Problem statement - The records below must be returned exactly, with every picture left out.

***** Dataset *****

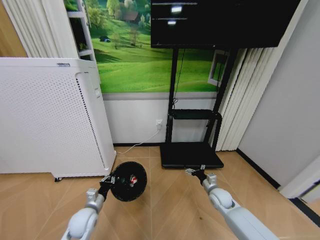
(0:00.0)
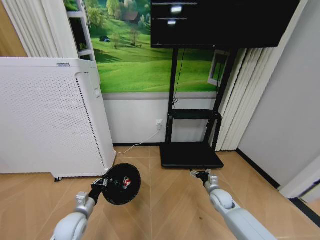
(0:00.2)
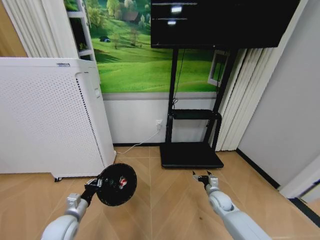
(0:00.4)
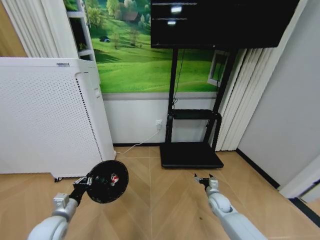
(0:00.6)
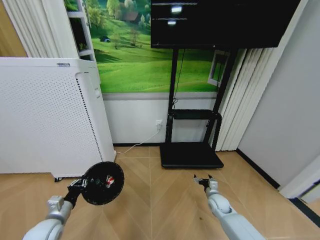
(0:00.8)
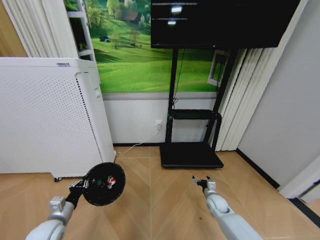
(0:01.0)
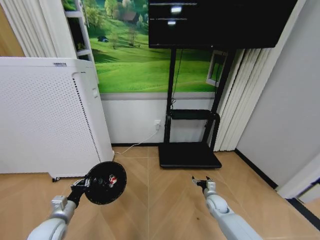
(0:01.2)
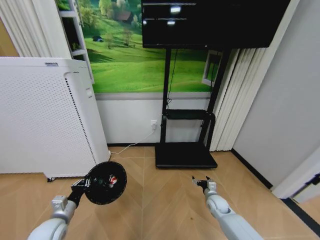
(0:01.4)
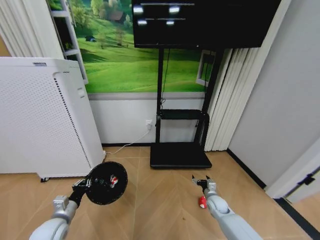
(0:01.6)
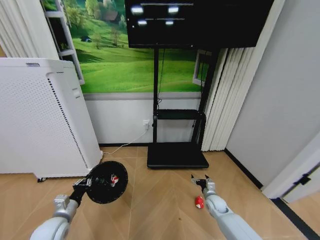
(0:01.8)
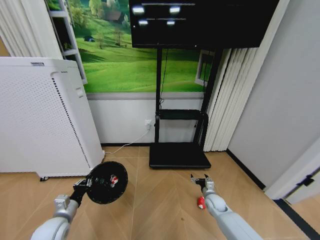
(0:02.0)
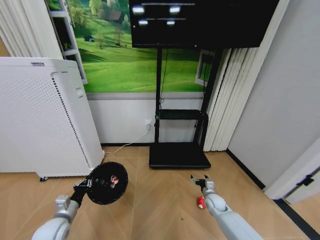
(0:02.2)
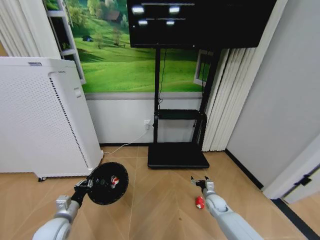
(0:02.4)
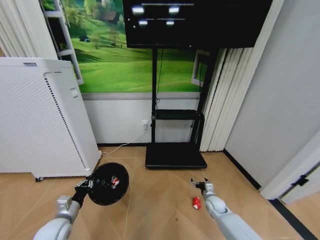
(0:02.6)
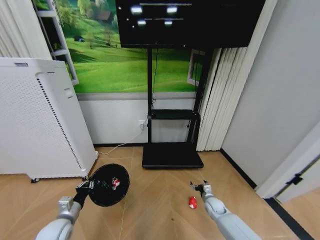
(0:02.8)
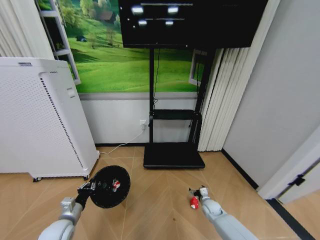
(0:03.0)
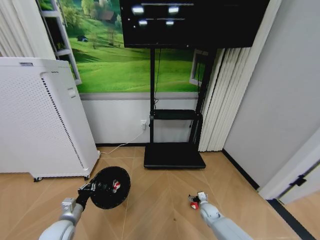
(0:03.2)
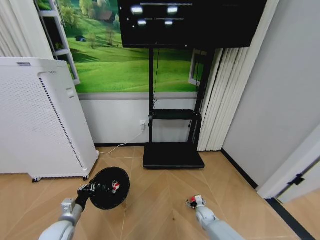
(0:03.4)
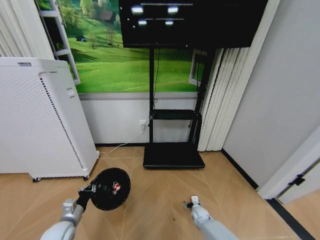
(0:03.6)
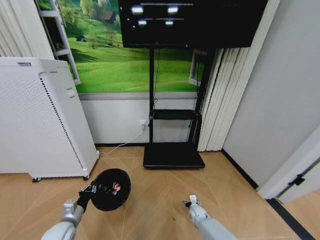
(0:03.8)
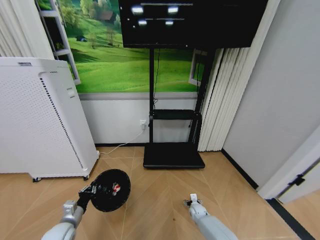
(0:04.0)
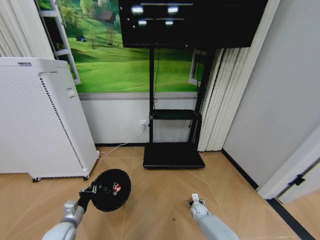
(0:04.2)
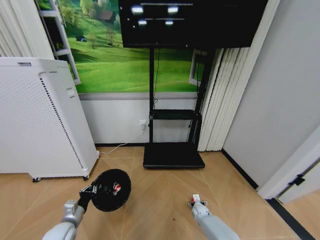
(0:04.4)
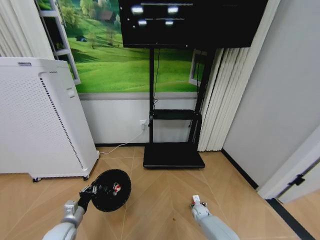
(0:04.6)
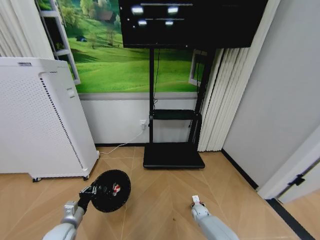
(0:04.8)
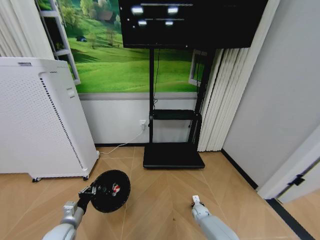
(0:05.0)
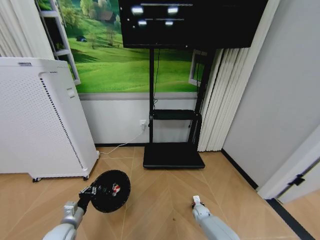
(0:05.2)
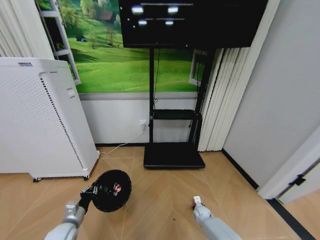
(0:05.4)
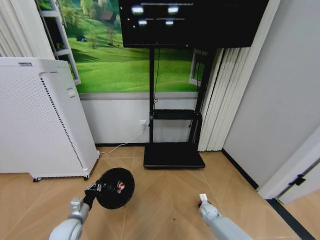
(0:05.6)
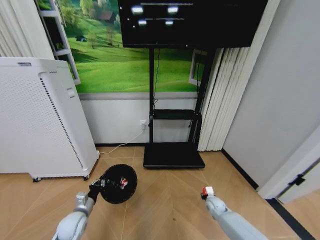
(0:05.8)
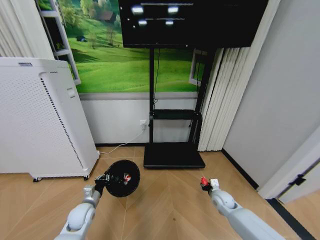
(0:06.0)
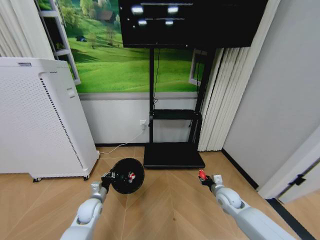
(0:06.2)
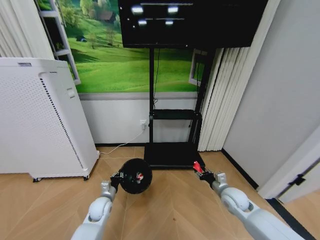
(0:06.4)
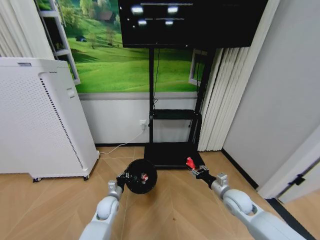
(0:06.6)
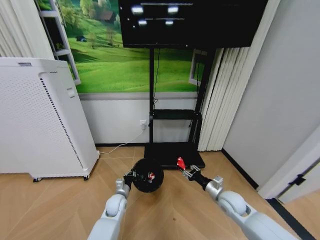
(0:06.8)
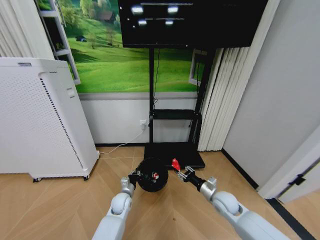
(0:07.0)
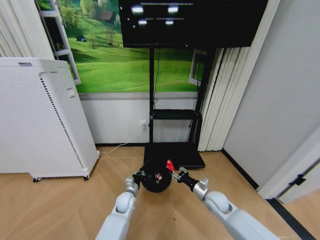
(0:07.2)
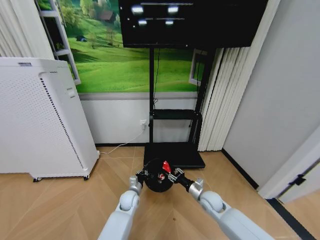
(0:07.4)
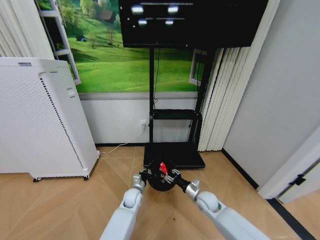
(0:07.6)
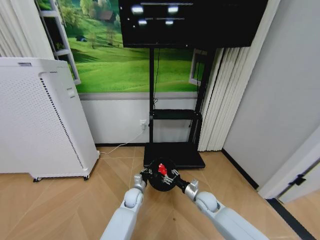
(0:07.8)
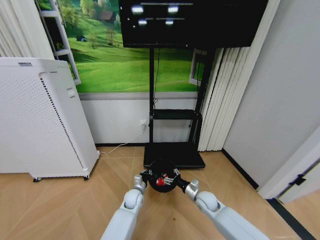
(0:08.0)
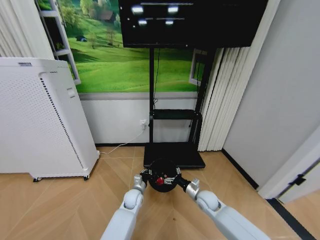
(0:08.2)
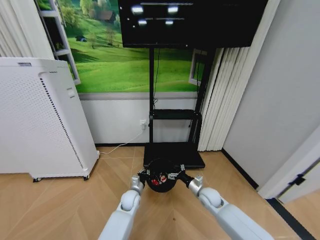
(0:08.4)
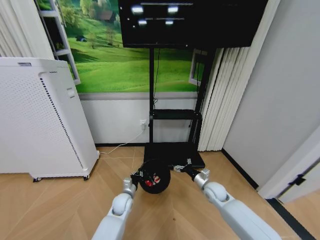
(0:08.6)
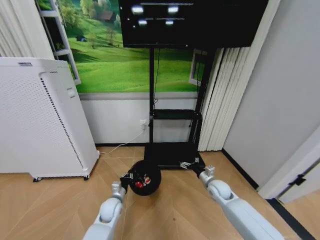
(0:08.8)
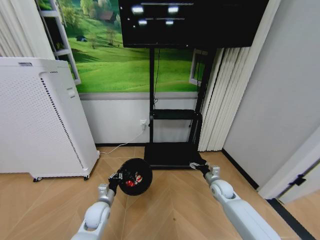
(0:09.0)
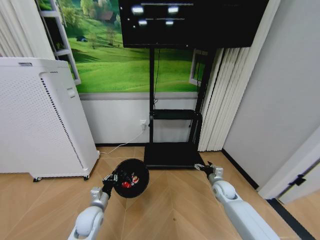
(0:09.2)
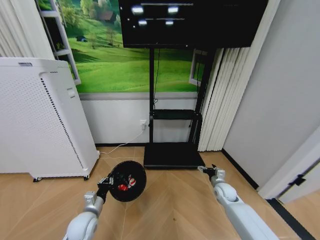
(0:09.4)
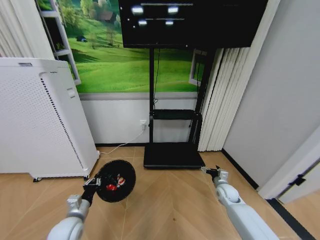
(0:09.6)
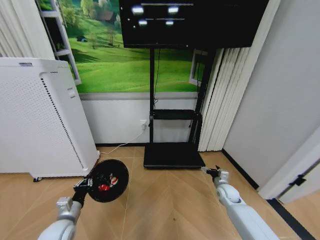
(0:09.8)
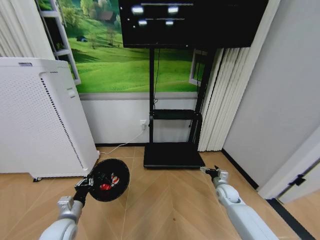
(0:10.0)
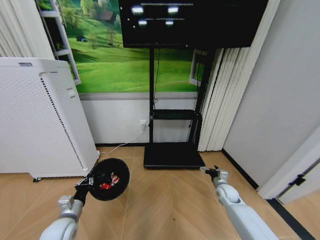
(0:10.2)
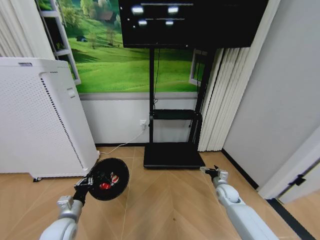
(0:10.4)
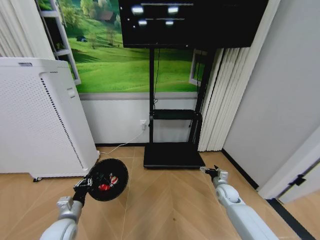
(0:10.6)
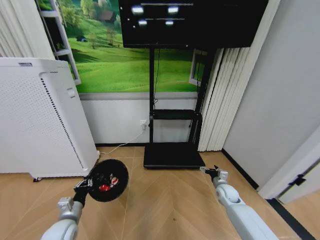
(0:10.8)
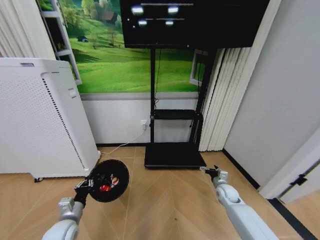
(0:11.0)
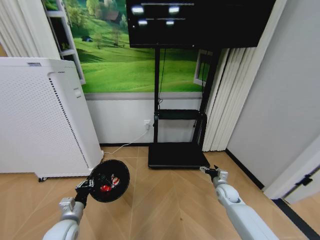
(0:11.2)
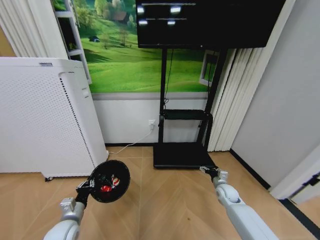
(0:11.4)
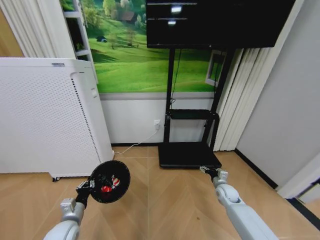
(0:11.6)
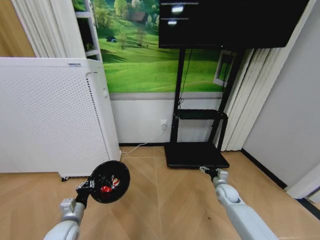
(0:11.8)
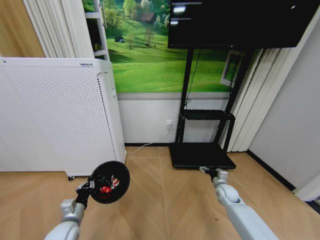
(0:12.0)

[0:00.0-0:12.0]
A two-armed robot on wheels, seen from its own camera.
Task of the whole recording: Pick up the trash bin and place the garbage on the floor into it.
0:00.0 to 0:01.6: The right gripper moves downward, about 5 cm. Meanwhile the left gripper goes approximately 10 cm to the left and backward.
0:01.6 to 0:03.0: The right gripper travels downward by approximately 5 cm.
0:03.0 to 0:04.4: The right gripper is displaced downward by roughly 5 cm.
0:04.4 to 0:06.0: The left gripper is displaced forward by about 5 cm. Meanwhile the right gripper goes roughly 15 cm upward, and closes.
0:06.0 to 0:07.6: The left gripper travels to the right and forward by some 25 cm; the right gripper goes approximately 10 cm to the left, and reaches about 10 cm upward, then returns.
0:07.6 to 0:09.0: The left gripper moves to the left and backward, approximately 15 cm. The right gripper goes about 10 cm to the right, and opens its fingers.
0:09.0 to 0:10.4: The left gripper shifts roughly 15 cm to the left, backward and upward, while the right gripper shifts by about 5 cm.

*****

Task solution -
(0:00.0)
(0:00.2)
(0:00.4)
(0:00.6)
(0:00.8)
(0:01.0)
(0:01.2)
(0:01.4)
(0:01.6)
(0:01.8)
(0:02.0)
(0:02.2)
(0:02.4)
(0:02.6)
(0:02.8)
(0:03.0)
(0:03.2)
(0:03.4)
(0:03.6)
(0:03.8)
(0:04.0)
(0:04.2)
(0:04.4)
(0:04.6)
(0:04.8)
(0:05.0)
(0:05.2)
(0:05.4)
(0:05.6)
(0:05.8)
(0:06.0)
(0:06.2)
(0:06.4)
(0:06.6)
(0:06.8)
(0:07.0)
(0:07.2)
(0:07.4)
(0:07.6)
(0:07.8)
(0:08.0)
(0:08.2)
(0:08.4)
(0:08.6)
(0:08.8)
(0:09.0)
(0:09.2)
(0:09.4)
(0:09.6)
(0:09.8)
(0:10.0)
(0:10.2)
(0:10.4)
(0:10.6)
(0:10.8)
(0:11.0)
(0:11.2)
(0:11.4)
(0:11.6)
(0:11.8)
(0:12.0)

[0:00.0-0:12.0]
A two-armed robot on wheels, seen from its own camera.
Task of the whole recording: Pick up the trash bin and place the garbage on the floor into it.
0:00.0 to 0:01.6: The right gripper moves downward, about 5 cm. Meanwhile the left gripper goes approximately 10 cm to the left and backward.
0:01.6 to 0:03.0: The right gripper travels downward by approximately 5 cm.
0:03.0 to 0:04.4: The right gripper is displaced downward by roughly 5 cm.
0:04.4 to 0:06.0: The left gripper is displaced forward by about 5 cm. Meanwhile the right gripper goes roughly 15 cm upward, and closes.
0:06.0 to 0:07.6: The left gripper travels to the right and forward by some 25 cm; the right gripper goes approximately 10 cm to the left, and reaches about 10 cm upward, then returns.
0:07.6 to 0:09.0: The left gripper moves to the left and backward, approximately 15 cm. The right gripper goes about 10 cm to the right, and opens its fingers.
0:09.0 to 0:10.4: The left gripper shifts roughly 15 cm to the left, backward and upward, while the right gripper shifts by about 5 cm.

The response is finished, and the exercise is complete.